Laura Jones is a social worker in Morgantown, W. Va. She's the executive director of Milan Puskar Health Right. That's a free clinic that, among other things, helps treat people addicted to opioids.

Thank you so much for joining us.

LAURA JONES: Thank you. Thank you for having me.

GARCIA-NAVARRO: Can you just take me into Morgantown and just describe to me the effect that the opioid crisis has had on your community?

JONES: Well, certainly, we have a lot of emergency situations. We've had many, many overdoses over the years. It has affected businesses and their ability to hire people because people have difficulty passing drug screens. It has infiltrated the school system. We have many children that are living with other families or in foster care because their parents are struggling. Restaurants in town have people overdosing in their bathrooms.

GARCIA-NAVARRO: So West Virginia is one of the states that has signed on to the tentative settlement. Do you expect to see any amount of that money come to you?

JONES: Well, there are so many entities that are bearing the brunt of the opioid epidemic. We've got first responders, law enforcement, primary care, hospitals, treatment programs, harm reduction programs. So all of those folks are going to be looking for support and help. And we certainly hope that some of that money gets to the grassroots agencies.

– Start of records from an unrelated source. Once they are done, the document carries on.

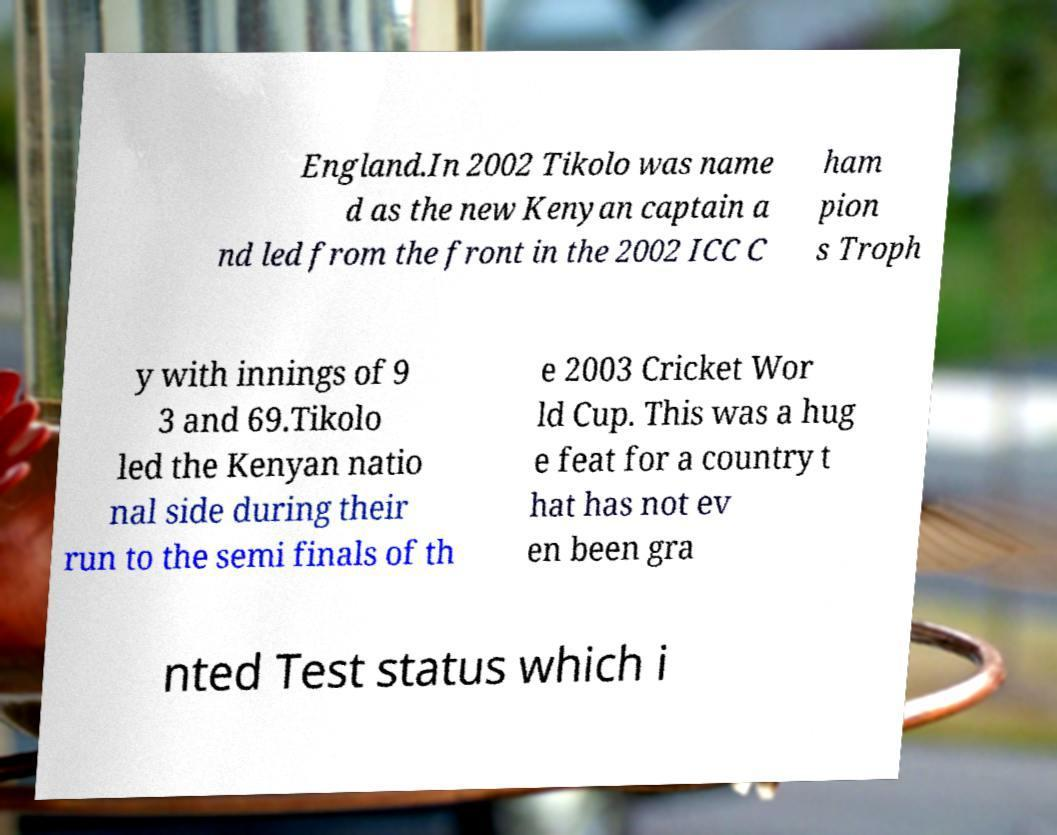What messages or text are displayed in this image? I need them in a readable, typed format. England.In 2002 Tikolo was name d as the new Kenyan captain a nd led from the front in the 2002 ICC C ham pion s Troph y with innings of 9 3 and 69.Tikolo led the Kenyan natio nal side during their run to the semi finals of th e 2003 Cricket Wor ld Cup. This was a hug e feat for a country t hat has not ev en been gra nted Test status which i 
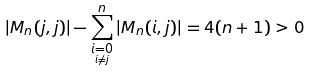<formula> <loc_0><loc_0><loc_500><loc_500>| M _ { n } ( j , j ) | - \sum _ { \underset { i \neq j } { i = 0 } } ^ { n } | M _ { n } ( i , j ) | = 4 ( n + 1 ) > 0</formula> 
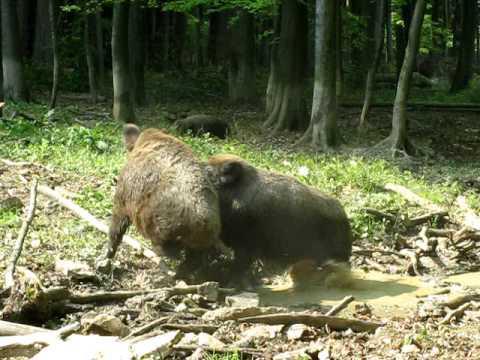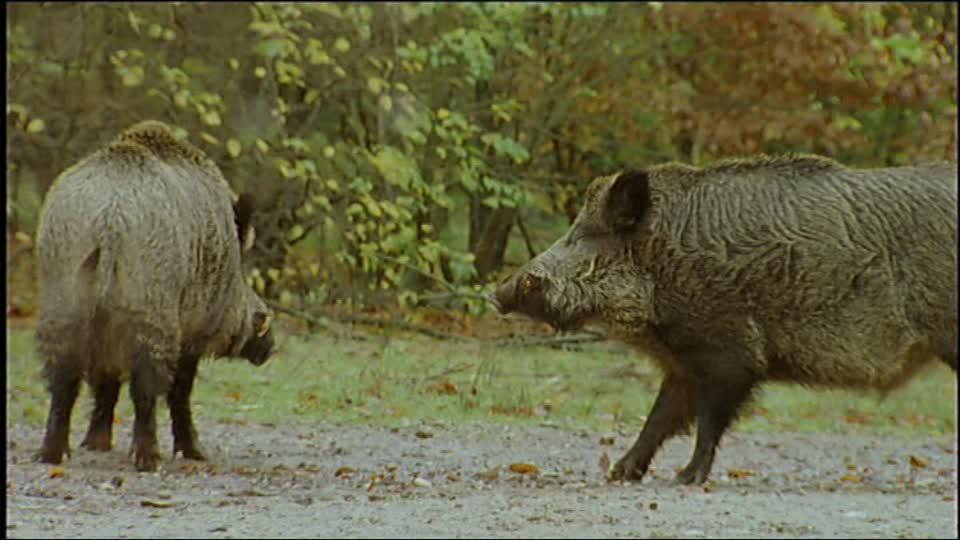The first image is the image on the left, the second image is the image on the right. Analyze the images presented: Is the assertion "The right image shows at least three boars." valid? Answer yes or no. No. 
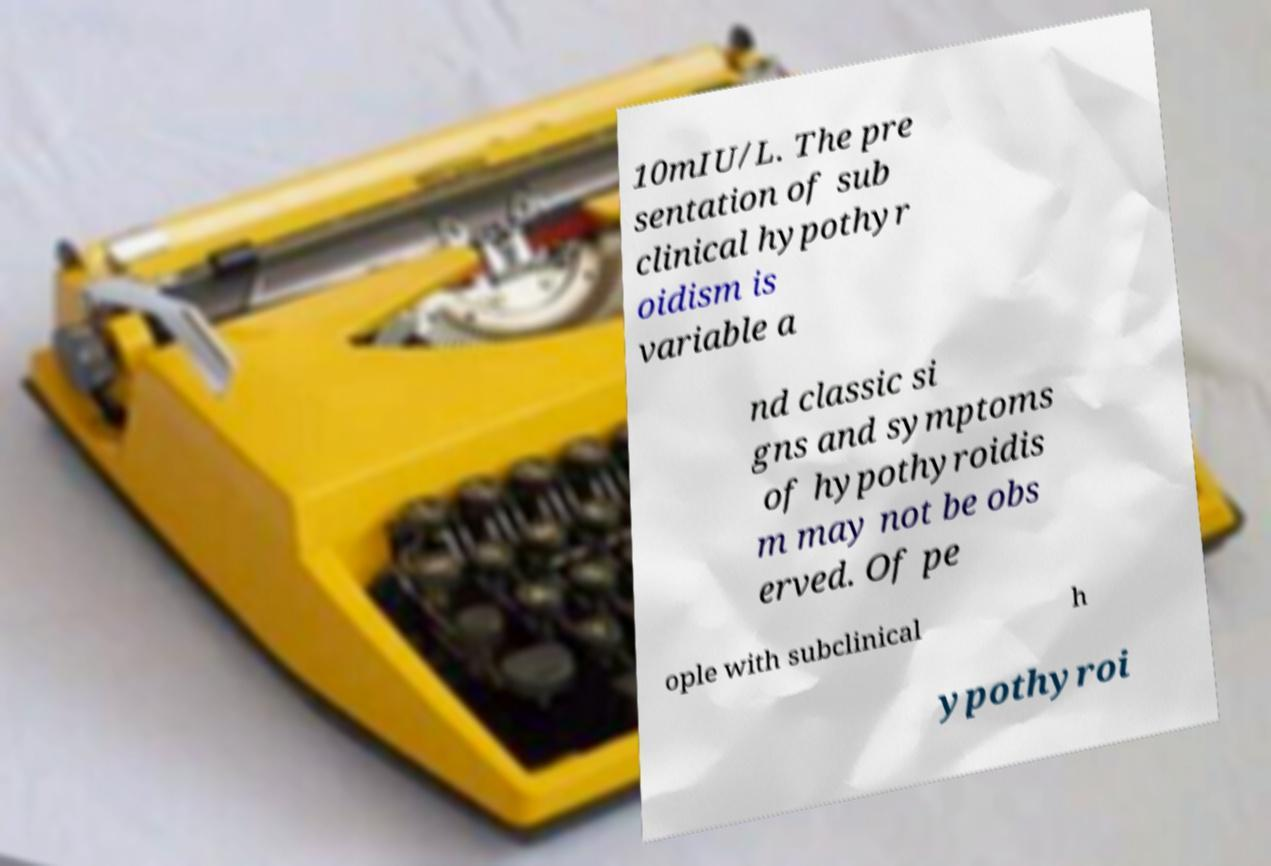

GARCIA-NAVARRO: Do you think that the state's attorneys know how to spend this money? I mean, do you think that they know where to send it and who needs it the most?

JONES: I'm not sure they do, and I think that that's something that really needs to be addressed.

GARCIA-NAVARRO: What would you use the settlement money for? Tell me a little bit about some of the programs that you have had to use because of the opioid epidemic.

JONES: Well, in just 3 1/2 years, we've given out over 4,300 Naloxone kits in order to prevent overdose. We need social workers. We need nurses. We see nursing issues that most people don't see in a lifetime of nursing care. And so it's really, really important that we have people on the ground who are able to work with folks until treatment's available.

GARCIA-NAVARRO: So do you think this money will be enough - if the settlement becomes official - to help end the opioid crisis?

JONES: I'm not sure there is sufficient money to bring us completely out of this situation. We had opioids in our community prior to this crisis, but not on the scale that we have now. And that's the issue. Once that's unleashed, getting people into treatment is difficult. Preventing relapse is difficult. This is going to be a long-term process, and we still don't know the answers.

GARCIA-NAVARRO: That's Laura Jones in Morgantown, W. Va. Thank you so much for your time.